The SAFT equation of state

Technology overview

SAFT representations of water and nonionic surfactant molecules highlighting the incorporation of association sites

SAFT is an equation of state that embodies significant advances over the traditional van der Waals equation or cubic engineering equations such as Peng-Robinson, which are better suited to near-spherical molecules.

Significant advantages over existing methods

The main advantage of SAFT is that it is underpinned by a physically realistic representation of the molecule that includes its shape, size and specific interactions – for example, hydrogen bonding – with other molecules of the same or different type within a mixture.

This means that, unlike many other equations of state, SAFT is able to account for non-spherical molecules, attraction and repulsion between molecules and strong directional interactions. As a consequence, SAFT’s predictive capability can extend well beyond the conditions covered by the available experimental data.

Because the associating fluid approach can account for the electrostatic, polar and other association forces that are the basis of the physical of the molecular interactions, SAFT provides an unprecedented capability for modelling the behaviour of systems involving complex materials such as polar solvents, hydrogen bonded fluids, and polymers.

How SAFT works

There are various implementations of the basic SAFT formulation, which differ principally in terms of the mathematical representation of the molecule and the specific forms of the various contributions. The current gSAFT implementation is based on SAFT-VR, where VR stands for 'variable range'.

The molecules are built from spherical square-well segments

Segment definition and interaction

Square-well segment-segment interaction

Molecular size

A molecule is represented by a number of segments, m, and a segment diameter, σ.These two parameters capture the size and non-sphericity of the molecule.

Attraction & repulsion

In SAFT-VR the attraction-repulsion between segments or molecules separated by a distance r is modelled using u(r), a potential energy function characterised by three parameters:

σ, the diameter of the segment,
λ, a parameter describing the range of dispersion interactions, and
ε, the strength of dispersion interactions.

In the current gSAFT implementation, the 'square-well' potential function shown on the right is used.

The width or range of the zone of attraction is different for different types of segment or component, hence the 'variable range' description.

Association sites

Key to the behaviour of molecules that form hydrogen bonds, such as water or the amine solvent MEA is the definition and characterisation of association sites which are used to mediate the formation of hydrogen bonds formation between molecules.

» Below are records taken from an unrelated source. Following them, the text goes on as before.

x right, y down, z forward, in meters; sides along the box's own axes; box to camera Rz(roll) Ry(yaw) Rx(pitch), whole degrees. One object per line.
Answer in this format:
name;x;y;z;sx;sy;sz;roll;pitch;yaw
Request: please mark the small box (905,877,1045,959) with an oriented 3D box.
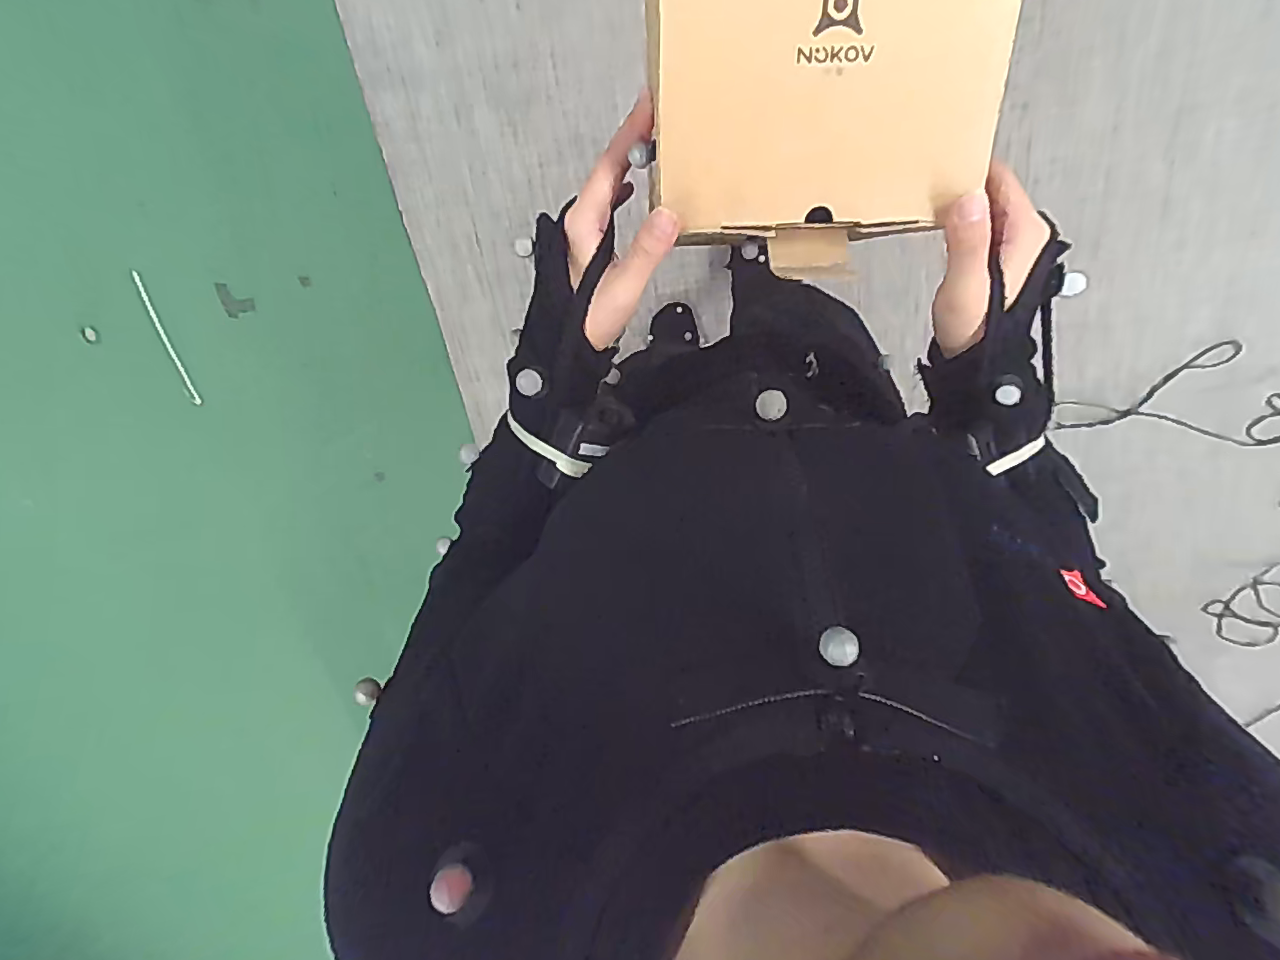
small box;0.560;0.796;0.882;0.168;0.176;0.179;-18;111;8
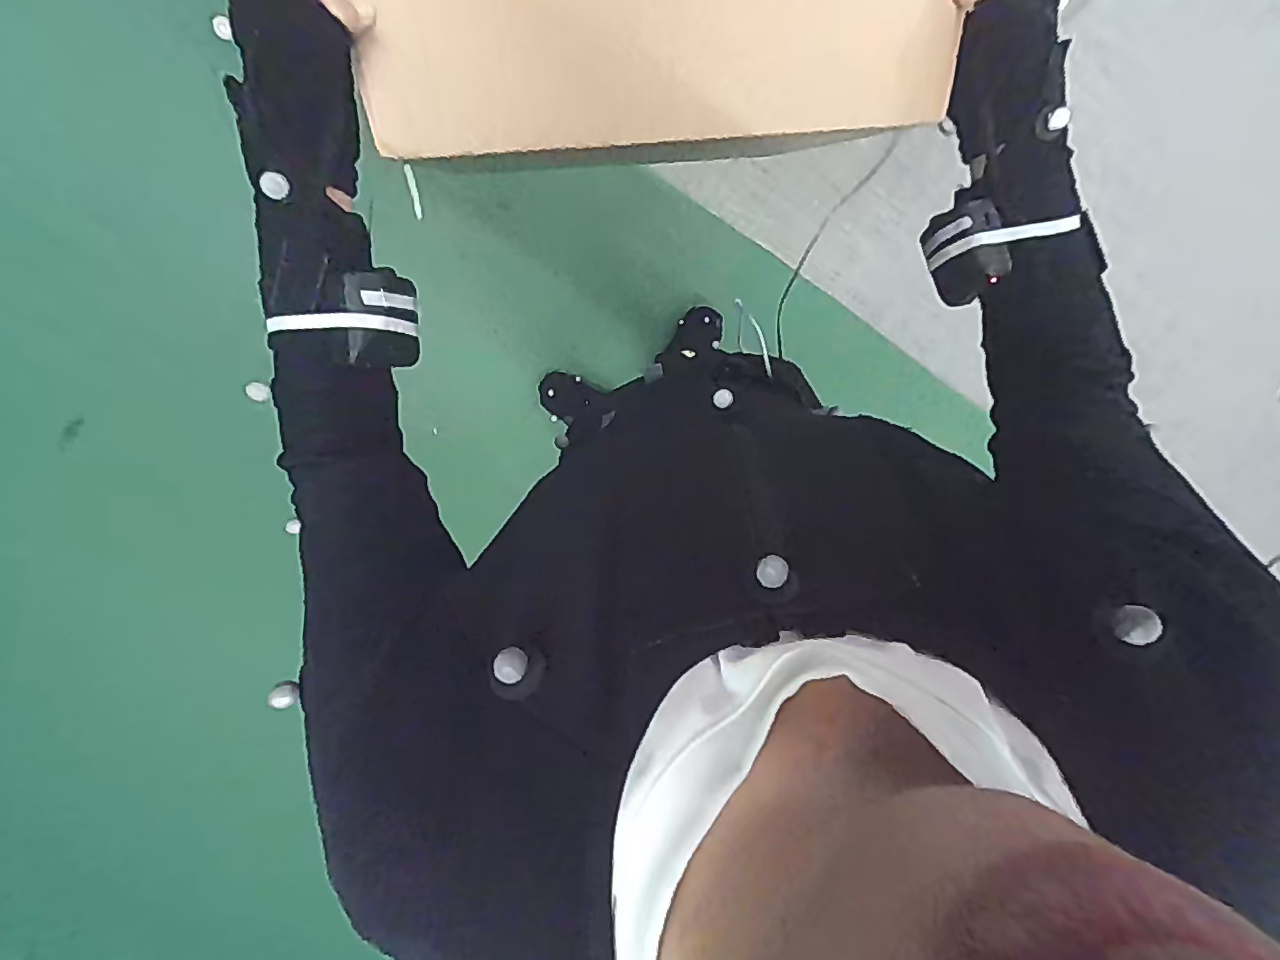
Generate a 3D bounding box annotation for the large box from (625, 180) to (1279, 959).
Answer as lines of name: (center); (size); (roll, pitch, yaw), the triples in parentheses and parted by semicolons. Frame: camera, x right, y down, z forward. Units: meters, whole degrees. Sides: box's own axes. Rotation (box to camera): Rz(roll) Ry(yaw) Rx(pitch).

These are characterised as electron donors or electron acceptors of a defined strength. It is these association sites that provide SAFT's unique capability in dealing with aqueous solutions, surfactants and other strongly-associating components.

SAFT applies Wertheim's theory to associating segments with multiple association sites. An association site might represent a lone pair of electrons on an oxygen atom or a hydrogen bonded to a very electronegative atom.

SAFT parameters

The SAFT parameters have a physical basis.

For example, a chain molecule is characterised by the number of segments in the chain, in addition to the three potential parameters σ, λ and ε describing the diameter of each segment, and the range and magnitude of attractive interactions, respectively.

For an associating or hydrogen bonding molecule, additional physical parameters are necessary:

the number of types of association sites
the number of sites of each type
the association energy (related to the change in enthalpy of association)
the bond volume (related to the change in entropy on association) for association between two site types.

One advantage of the physical basis of these parameters is that values of parameters for one molecule may be used systematically to describe similar molecules (e.g. other compounds within the same homologous series, or those sharing some functional groups with the original molecule). A second advantage is that some of the SAFT parameters can be determined from spectroscopy or from quantum mechanics.

Parameters defining the relevant quantities for a given molecule are estimated for each molecule from experimental data – mostly pure component and, where available, mixture data. A key activity of the Imperial MSE team is to build the growing databank of pure component and mixture parameters.